Desert Movement Arts to present work for National Water Dance Project


Desert Movement Arts will present its new piece, "Lack-of-Water Dance," on April 23.

How do you create a h2o-themed dance piece in the desert? You get innovative. 

That’s what Constance Clare-Newman, co-founder of Desert Motion Arts dance team, experienced to do ahead of the group’s cost-free 1 p.m. Saturday, April 23 performance at Unitarian Universalist Church of the Desert in Rancho Mirage.

We caught up with Clare-Newman to find out much more about her group’s historical past, how they fared all through the pandemic and what attendees can expect at their approaching functionality of “Deficiency-of-Drinking water Dance.”

Beneath is an edited edition of that discussion. 

Q: Can you give us a quick background of your business for people who aren’t familiar?
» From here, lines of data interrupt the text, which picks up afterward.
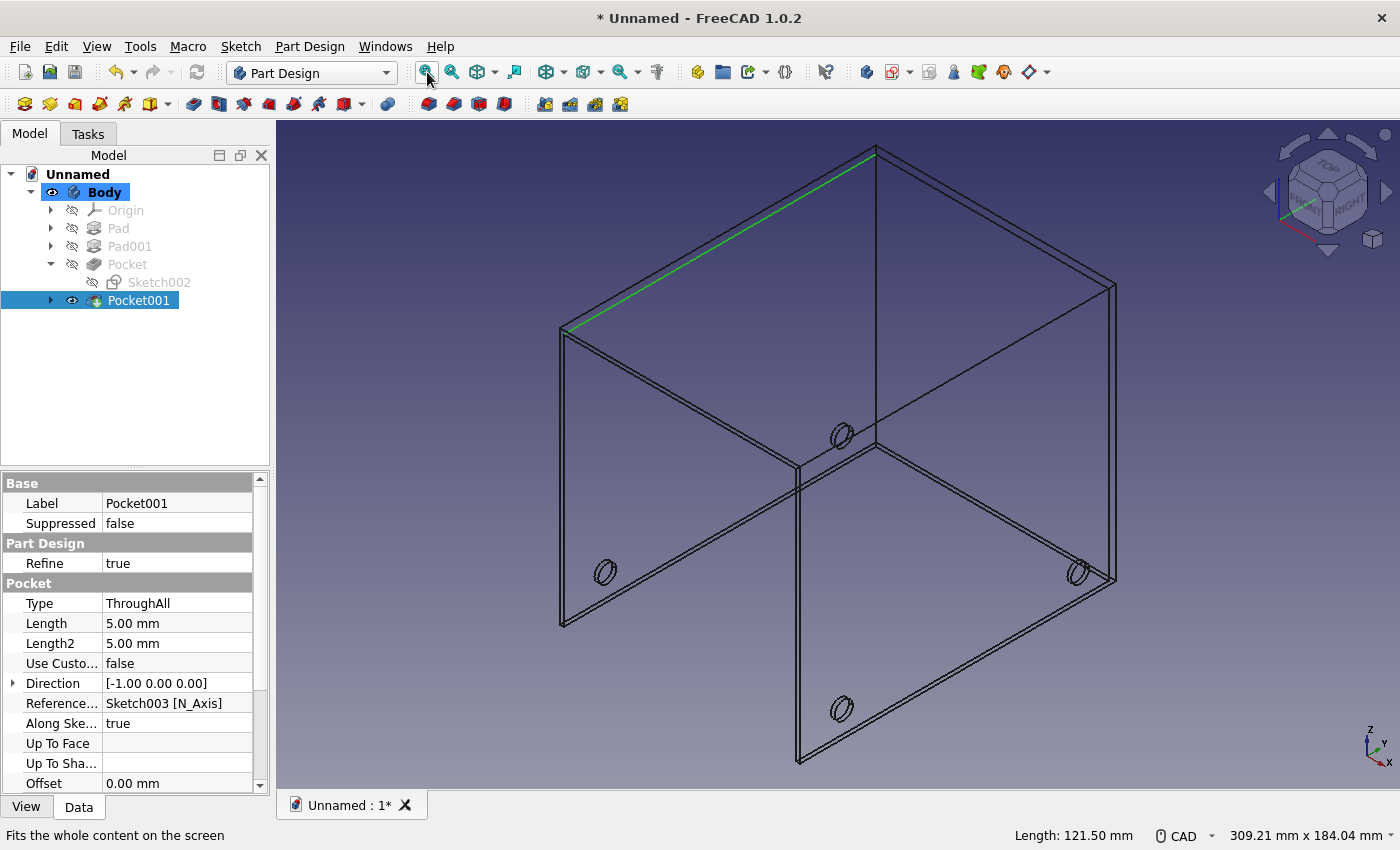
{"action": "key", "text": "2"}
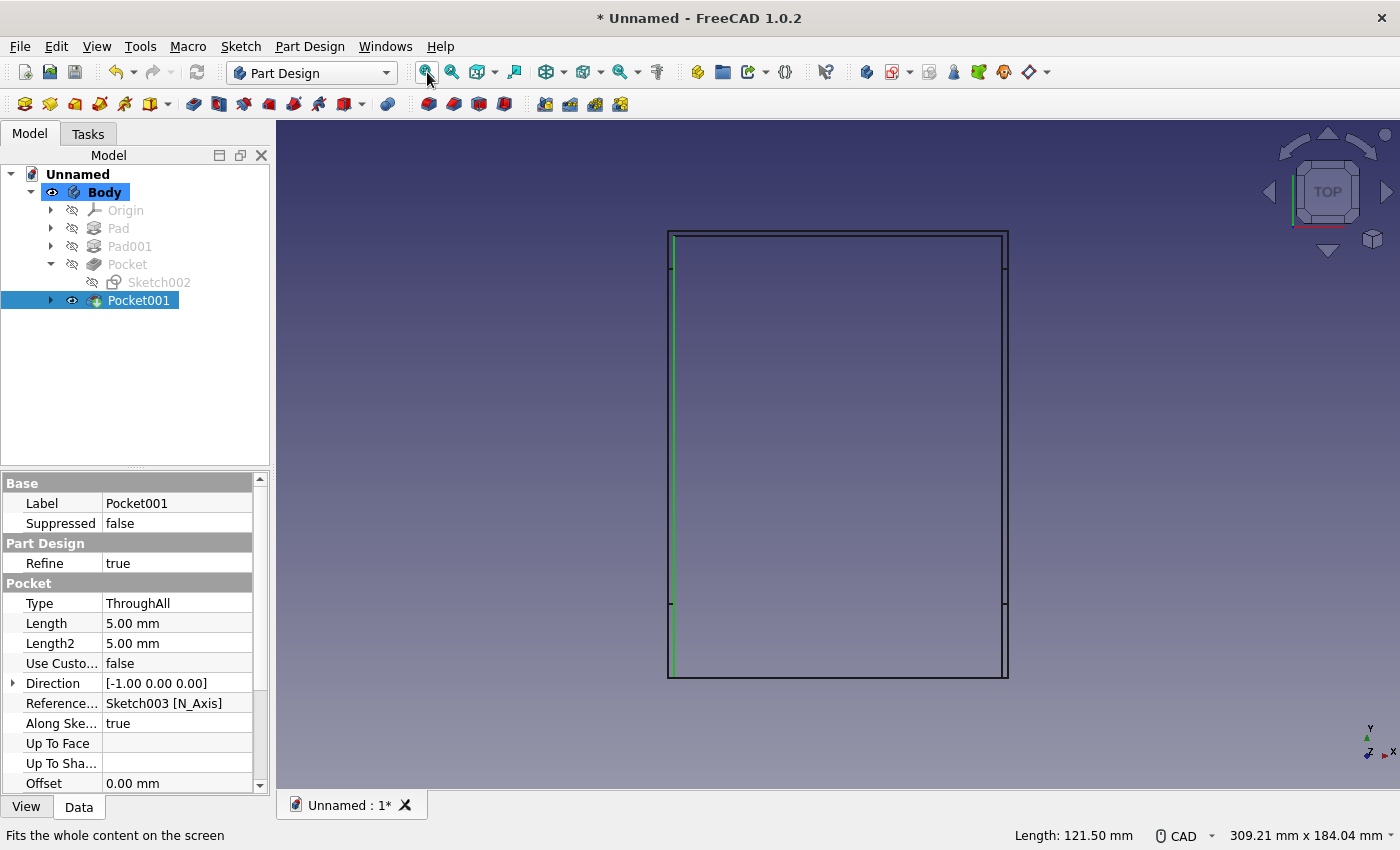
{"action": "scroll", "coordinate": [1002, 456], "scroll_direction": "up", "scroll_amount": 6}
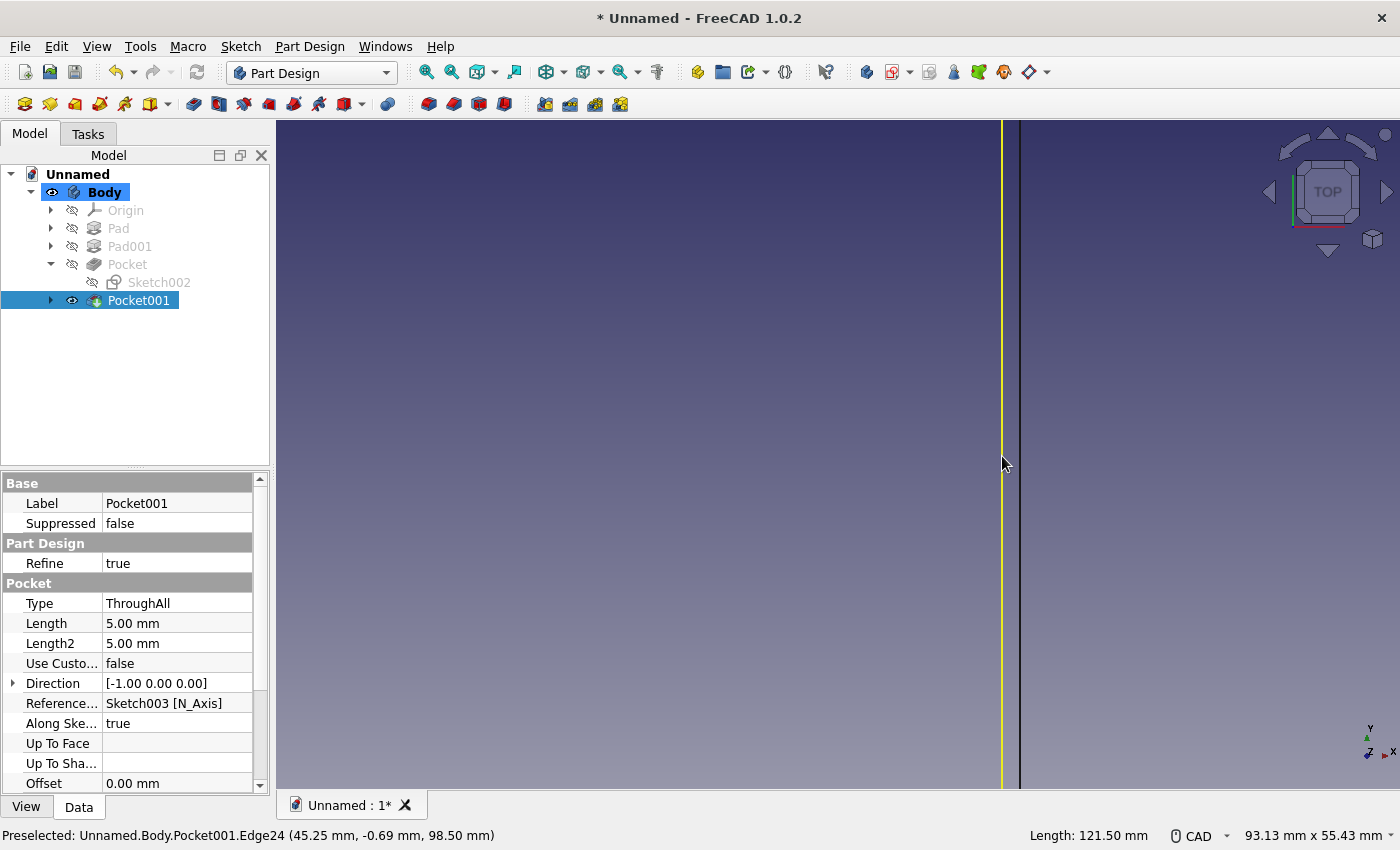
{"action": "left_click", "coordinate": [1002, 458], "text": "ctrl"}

A: So it was started by me and Brittany Delaney, who’s no lengthier in the desert. She’s carrying out a lot of fantastic stuff in the LA location now. She and I started it simply because there was not definitely dance that was taking place that was like a lot more on the experimental aspect, or very internet site-unique work. And now there are some people in the desert who do Modernism 7 days, that kind of issue. But we more go into the desert and examine. Also, we’re an intergenerational company. So from the quite commencing, we experienced an occasional baby we started out out with — an 8-calendar year-aged dancer and a 70-year-old — so we definitely run the gamut from all the ages. This yr, I really don’t have any children, definitely due to the fact of COVID. But we do have [people] from like 42 I guess to 70ish. That is one more factor that is truly significant to me. I just turned 60, and I danced skillfully in my youth, and I danced semi skillfully, actually, up until 50 … and so I just actually wasn’t all set to give up transferring.